Приведенные положения, как указал Конституционный Суд Российской Федерации (Определение от 15 мая 2012 года N 880-О), означают имеющуюся у суррогатной матери возможность в записи акта о рождении ребенка записать себя матерью ребенка, что фиксируется и в свидетельстве о его рождении (статьи 14, 17 и 23 Федерального закона "Об актах гражданского состояния"), обусловливая тем самым для женщины, родившей ребенка, права и обязанности матери (статья 47 Семейного кодекса Российской Федерации).
Законодательно допускаемый отказ суррогатной матери от принятого на себя ранее обязательства передать рожденного ею ребенка генетическим родителям вносит в договор о заместительном вынашивании беременности суррогатной матерью (договор о суррогатном материнстве) элемент существенного риска. Однако названный риск относится к природе данного договора, и стороны последнего имеют возможность учесть порождающие риск обстоятельства при вступлении в договорные отношения. Кроме того, в указанный договор могут включаться правила, минимизирующие этот риск. На его уменьшение направлены положения о том, что в случае решения суррогатной матери оставить ребенка себе причитающаяся ей компенсация не выплачивается, а также о ее обязанности возместить все расходы, понесенные в рамках договора генетическими родителями. Очевидно, что такие положения не способны удержать суррогатную мать, вступающую в названные отношения с целью получения денежной выгоды, от оставления ребенка себе только в самых крайних для нее случаях (неконтролируемое чувство материнства и др.).
Для прекращения споров о родительских правах в отношении рожденного суррогатной матерью ребенка законодательно предусмотрено, что супруги, давшие согласие на имплантацию эмбриона другой женщине, а также суррогатная мать не вправе при оспаривании материнства и отцовства после совершения записи родителей в книге записей рождений ссылаться на эти обстоятельства (пункт 3 статьи 52 Семейного кодекса Российской Федерации). Данное правило хотя и не лишает генетических родителей или суррогатную мать права оспаривать ранее произведенную запись о матери (отце) рожденного суррогатной матерью ребенка, однако не предоставляет им реального основания для такого оспаривания. Указанное правило вкупе с требованием о том, что заявление о рождении ребенка должно быть сделано не позднее чем через месяц со дня рождения ребенка (пункт 6 статьи 16 Федерального закона "Об актах гражданского состояния"), призвано обеспечить скорейший выход из ситуации "двух матерей (двух отцов)" у рожденного суррогатной матерью ребенка. Названные процессуальные правила направлены на пресечение имеющих тягу к бесконечности споров заинтересованных лиц о том, что важнее при определении материнства (отцовства): гены или вынашивание и рождение ребенка.
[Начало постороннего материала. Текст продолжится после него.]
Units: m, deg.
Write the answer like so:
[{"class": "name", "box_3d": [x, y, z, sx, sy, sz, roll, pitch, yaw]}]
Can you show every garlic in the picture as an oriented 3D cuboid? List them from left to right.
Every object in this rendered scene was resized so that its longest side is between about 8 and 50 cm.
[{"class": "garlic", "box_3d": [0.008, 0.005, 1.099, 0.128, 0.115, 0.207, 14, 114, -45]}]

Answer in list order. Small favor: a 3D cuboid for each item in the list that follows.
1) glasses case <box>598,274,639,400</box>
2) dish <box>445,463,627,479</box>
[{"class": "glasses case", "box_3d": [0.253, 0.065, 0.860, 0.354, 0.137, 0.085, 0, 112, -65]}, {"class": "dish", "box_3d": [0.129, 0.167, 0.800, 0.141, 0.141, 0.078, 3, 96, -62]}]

Важнее в данном случае любая запись о фактических родителях в книге записей рождений, если она произведена в установленном законом порядке.
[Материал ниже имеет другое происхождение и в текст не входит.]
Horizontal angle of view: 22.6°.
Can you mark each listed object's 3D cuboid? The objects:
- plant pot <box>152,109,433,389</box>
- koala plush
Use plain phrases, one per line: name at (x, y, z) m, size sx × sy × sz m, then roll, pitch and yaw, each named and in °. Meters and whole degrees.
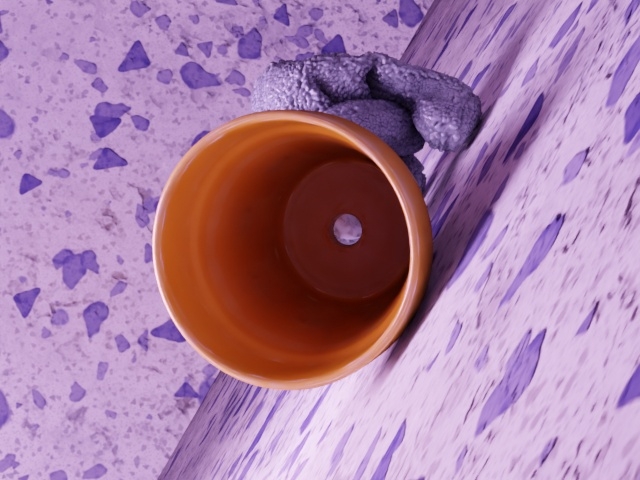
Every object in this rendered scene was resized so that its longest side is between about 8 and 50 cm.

3. Вместе с тем генетические родители - это не просто доноры, давшие свой генетический материал для искусственного оплодотворения, а фактические родители. Поэтому поскольку в России для случаев рождения ребенка суррогатной матерью не установлено ее заведомое материнство, как например в Испании и Португалии, то генетические родители должны иметь возможность оспаривать запись в книге записей рождений о суррогатной матери как матери рожденного ею ребенка, требуя исключения данных сведений с внесением в эту книгу записи о себе как о родителях ребенка.
То есть положение пункта 3 статьи 52 Семейного кодекса Российской Федерации в этой части требует ограничительного истолкования. Однако в данном случае нарушение прав генетических родителей должно связываться не просто с теми или иными нарушениями, имевшими место при выполнении программы суррогатного материнства или производстве записи о родителях ребенка в книге записей рождений, а со злоупотреблением суррогатной матерью своими правами (статья 10 ГК Российской Федерации, статья 56 Семейного кодекса Российской Федерации). Для большей объективности и с целью предотвращения необоснованных споров генетических родителей и суррогатной матери о принадлежности ребенка обращение в суд в интересах генетических родителей в указанном случае стоило бы закрепить исключительно за органами прокуратуры.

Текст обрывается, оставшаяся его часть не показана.